#### Work instructions:
Quote the entries below from the line with "table_cell [1461, 866, 1527, 911]" through the line with "table_cell [1461, 296, 1527, 341]", both ends included, and only those lines.

Records to process: Begin

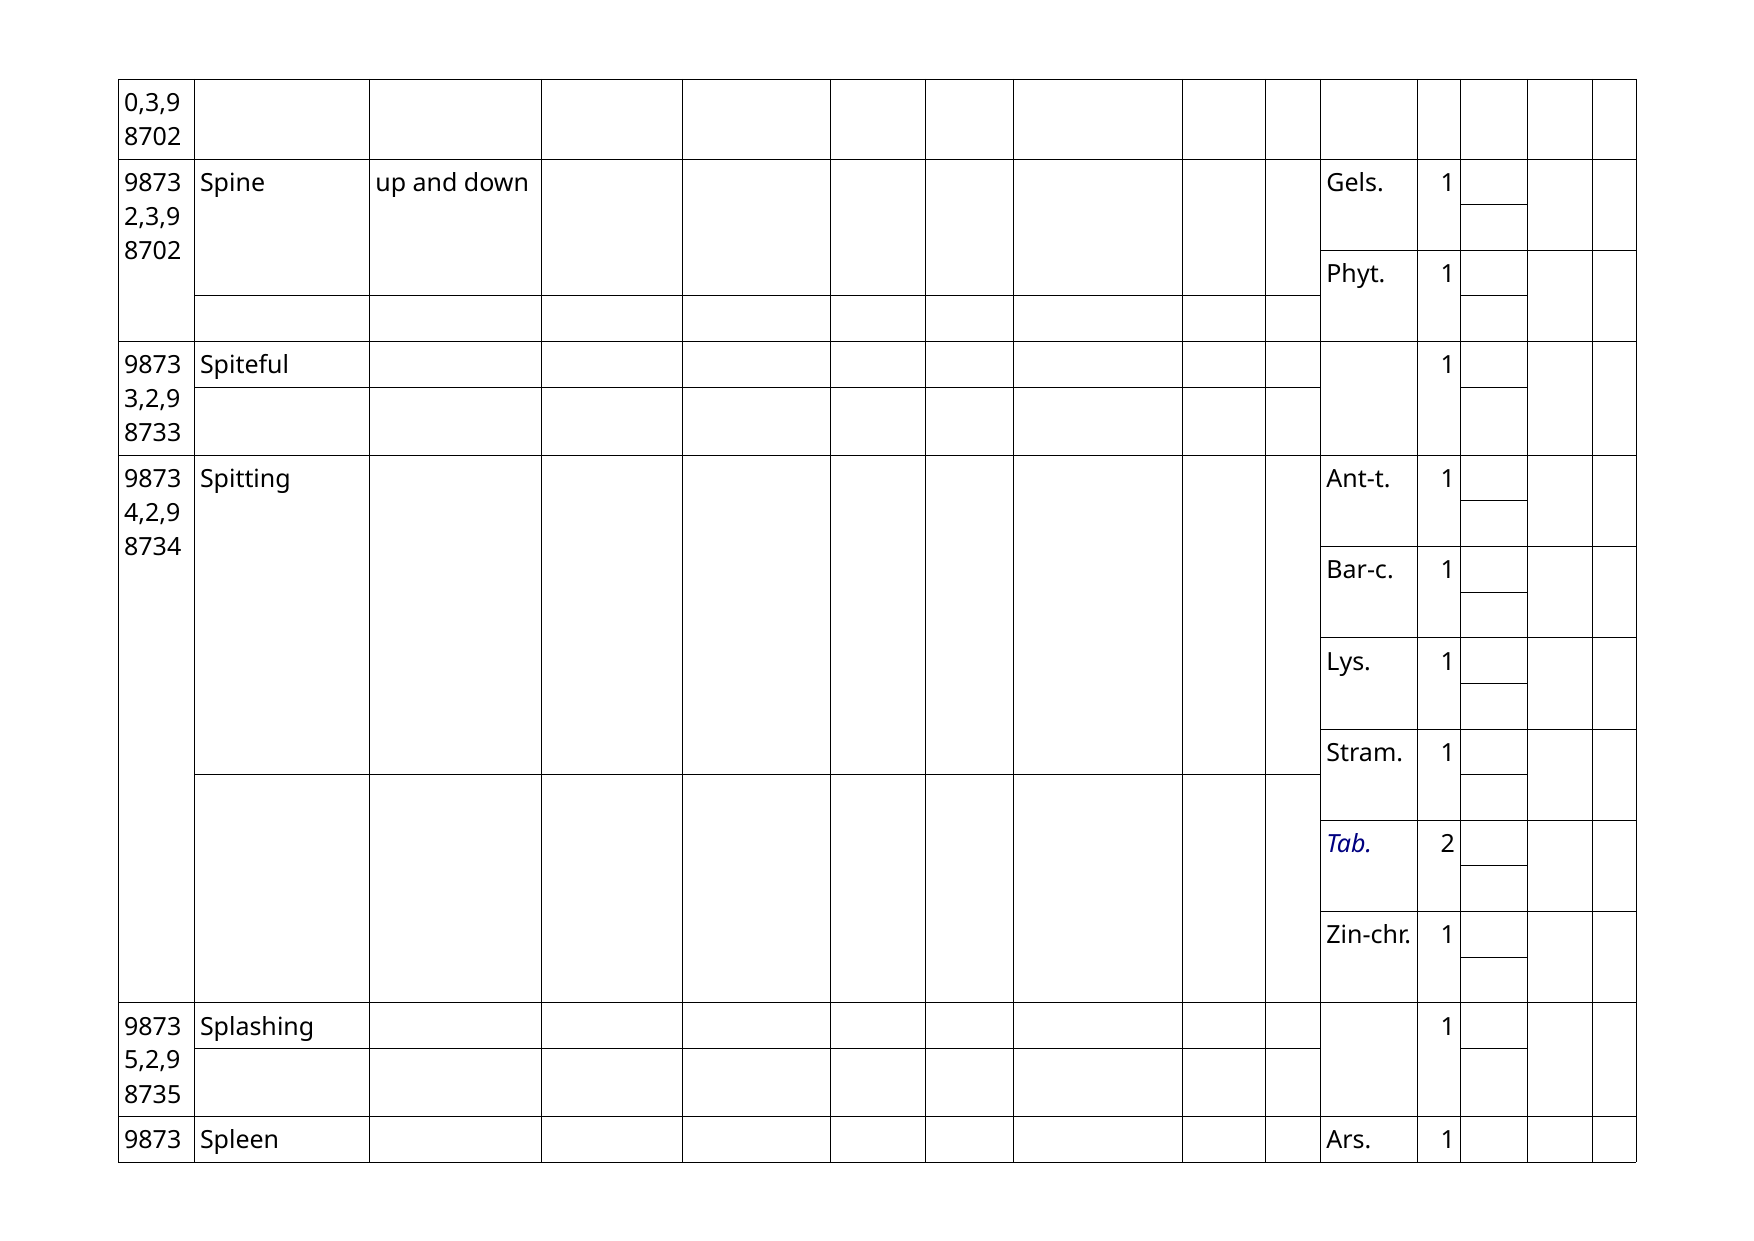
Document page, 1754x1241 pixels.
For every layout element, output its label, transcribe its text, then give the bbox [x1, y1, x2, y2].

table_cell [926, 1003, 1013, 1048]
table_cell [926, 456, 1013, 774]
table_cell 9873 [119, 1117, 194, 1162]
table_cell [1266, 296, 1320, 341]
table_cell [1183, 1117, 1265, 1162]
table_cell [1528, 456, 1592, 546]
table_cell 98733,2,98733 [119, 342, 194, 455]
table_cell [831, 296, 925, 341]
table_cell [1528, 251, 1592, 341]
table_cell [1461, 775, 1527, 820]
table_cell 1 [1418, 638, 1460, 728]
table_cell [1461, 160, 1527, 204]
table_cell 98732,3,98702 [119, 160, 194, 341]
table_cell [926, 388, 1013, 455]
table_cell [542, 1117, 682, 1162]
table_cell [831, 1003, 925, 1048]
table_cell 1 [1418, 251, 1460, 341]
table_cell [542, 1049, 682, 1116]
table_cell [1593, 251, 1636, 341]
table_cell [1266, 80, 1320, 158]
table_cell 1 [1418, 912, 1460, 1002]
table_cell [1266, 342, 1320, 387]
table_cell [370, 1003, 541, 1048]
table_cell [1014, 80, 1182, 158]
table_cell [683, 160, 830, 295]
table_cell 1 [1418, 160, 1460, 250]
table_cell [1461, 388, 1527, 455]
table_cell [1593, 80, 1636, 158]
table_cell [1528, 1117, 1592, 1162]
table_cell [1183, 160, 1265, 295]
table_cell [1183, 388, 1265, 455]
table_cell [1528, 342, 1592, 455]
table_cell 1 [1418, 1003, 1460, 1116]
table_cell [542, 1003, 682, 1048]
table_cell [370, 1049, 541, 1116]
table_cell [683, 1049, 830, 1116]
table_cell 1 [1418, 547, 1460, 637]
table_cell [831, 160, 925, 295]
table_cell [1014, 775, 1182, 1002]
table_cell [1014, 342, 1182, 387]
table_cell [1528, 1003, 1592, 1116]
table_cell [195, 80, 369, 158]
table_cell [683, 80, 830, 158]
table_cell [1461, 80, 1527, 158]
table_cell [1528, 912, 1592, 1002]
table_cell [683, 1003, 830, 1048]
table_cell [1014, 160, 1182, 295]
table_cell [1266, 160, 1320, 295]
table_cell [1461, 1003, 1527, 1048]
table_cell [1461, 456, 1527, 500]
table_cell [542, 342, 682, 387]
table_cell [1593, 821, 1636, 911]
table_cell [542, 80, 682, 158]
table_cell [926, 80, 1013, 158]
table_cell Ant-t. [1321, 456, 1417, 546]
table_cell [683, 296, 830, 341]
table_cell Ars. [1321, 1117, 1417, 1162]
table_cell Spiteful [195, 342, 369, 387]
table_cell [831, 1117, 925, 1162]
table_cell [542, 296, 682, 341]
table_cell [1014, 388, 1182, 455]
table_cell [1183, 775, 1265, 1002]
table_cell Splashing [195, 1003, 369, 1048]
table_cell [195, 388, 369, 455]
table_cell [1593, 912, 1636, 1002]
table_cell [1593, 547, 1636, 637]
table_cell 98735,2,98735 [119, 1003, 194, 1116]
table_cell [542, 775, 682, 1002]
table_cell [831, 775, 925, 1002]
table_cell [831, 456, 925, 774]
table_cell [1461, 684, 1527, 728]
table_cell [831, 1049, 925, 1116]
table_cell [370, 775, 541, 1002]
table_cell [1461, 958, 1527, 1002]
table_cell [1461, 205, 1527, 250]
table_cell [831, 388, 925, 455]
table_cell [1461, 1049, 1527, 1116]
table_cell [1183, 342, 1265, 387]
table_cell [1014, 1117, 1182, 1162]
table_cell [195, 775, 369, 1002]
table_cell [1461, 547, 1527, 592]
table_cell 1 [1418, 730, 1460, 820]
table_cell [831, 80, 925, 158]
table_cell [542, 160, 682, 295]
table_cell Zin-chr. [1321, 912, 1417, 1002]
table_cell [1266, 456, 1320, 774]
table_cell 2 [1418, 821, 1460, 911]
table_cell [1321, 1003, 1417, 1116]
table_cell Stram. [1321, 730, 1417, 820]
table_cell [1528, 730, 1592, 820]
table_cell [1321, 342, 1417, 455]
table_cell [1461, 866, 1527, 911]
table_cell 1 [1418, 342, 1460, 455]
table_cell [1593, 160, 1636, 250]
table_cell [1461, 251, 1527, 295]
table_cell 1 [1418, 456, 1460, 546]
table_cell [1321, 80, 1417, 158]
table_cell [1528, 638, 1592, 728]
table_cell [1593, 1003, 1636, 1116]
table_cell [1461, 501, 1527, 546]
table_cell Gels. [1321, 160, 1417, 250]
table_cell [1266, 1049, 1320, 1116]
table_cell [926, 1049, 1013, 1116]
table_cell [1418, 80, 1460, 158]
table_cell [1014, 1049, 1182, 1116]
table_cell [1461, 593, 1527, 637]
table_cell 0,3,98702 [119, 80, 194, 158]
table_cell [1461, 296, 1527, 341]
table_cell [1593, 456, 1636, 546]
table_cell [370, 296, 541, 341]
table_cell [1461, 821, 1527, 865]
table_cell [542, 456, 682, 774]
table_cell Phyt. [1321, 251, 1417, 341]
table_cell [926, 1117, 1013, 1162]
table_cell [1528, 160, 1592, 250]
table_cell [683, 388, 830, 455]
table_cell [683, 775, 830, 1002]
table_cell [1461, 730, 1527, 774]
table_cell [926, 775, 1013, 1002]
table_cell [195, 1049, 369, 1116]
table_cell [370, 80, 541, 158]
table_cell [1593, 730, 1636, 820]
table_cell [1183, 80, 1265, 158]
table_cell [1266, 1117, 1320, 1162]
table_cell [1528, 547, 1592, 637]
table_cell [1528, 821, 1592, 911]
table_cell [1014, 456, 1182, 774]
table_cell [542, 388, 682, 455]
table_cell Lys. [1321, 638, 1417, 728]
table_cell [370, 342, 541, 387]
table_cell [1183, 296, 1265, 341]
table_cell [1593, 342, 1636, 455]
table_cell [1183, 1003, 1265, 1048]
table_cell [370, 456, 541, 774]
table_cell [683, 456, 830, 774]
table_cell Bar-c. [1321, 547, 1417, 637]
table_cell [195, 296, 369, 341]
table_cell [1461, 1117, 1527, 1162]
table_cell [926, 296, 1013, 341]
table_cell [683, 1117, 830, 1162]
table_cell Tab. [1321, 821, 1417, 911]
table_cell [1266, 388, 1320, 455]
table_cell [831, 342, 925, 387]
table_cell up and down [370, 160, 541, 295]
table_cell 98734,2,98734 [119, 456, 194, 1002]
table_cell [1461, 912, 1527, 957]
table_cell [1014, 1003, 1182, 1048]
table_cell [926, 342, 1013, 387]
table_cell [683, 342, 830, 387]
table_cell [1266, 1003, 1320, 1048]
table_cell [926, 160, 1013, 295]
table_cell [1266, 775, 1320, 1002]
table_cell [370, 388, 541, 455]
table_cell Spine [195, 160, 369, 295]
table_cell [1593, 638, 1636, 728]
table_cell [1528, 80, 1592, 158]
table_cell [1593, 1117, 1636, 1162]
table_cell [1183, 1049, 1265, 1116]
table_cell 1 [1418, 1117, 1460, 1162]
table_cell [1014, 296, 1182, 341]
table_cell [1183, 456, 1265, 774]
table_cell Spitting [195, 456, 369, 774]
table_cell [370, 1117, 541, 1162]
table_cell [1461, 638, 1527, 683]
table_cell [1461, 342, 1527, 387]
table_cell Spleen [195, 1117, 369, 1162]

Records to process: End

#### Finished task:
table_cell [1461, 866, 1527, 911]
table_cell 1 [1418, 342, 1460, 455]
table_cell [1593, 160, 1636, 250]
table_cell [1461, 251, 1527, 295]
table_cell 1 [1418, 456, 1460, 546]
table_cell [1321, 80, 1417, 158]
table_cell [1528, 638, 1592, 728]
table_cell [1593, 1003, 1636, 1116]
table_cell [1461, 501, 1527, 546]
table_cell Gels. [1321, 160, 1417, 250]
table_cell [1266, 1049, 1320, 1116]
table_cell [926, 1049, 1013, 1116]
table_cell [1418, 80, 1460, 158]
table_cell [1014, 1049, 1182, 1116]
table_cell [1461, 593, 1527, 637]
table_cell 0,3,98702 [119, 80, 194, 158]
table_cell [1461, 296, 1527, 341]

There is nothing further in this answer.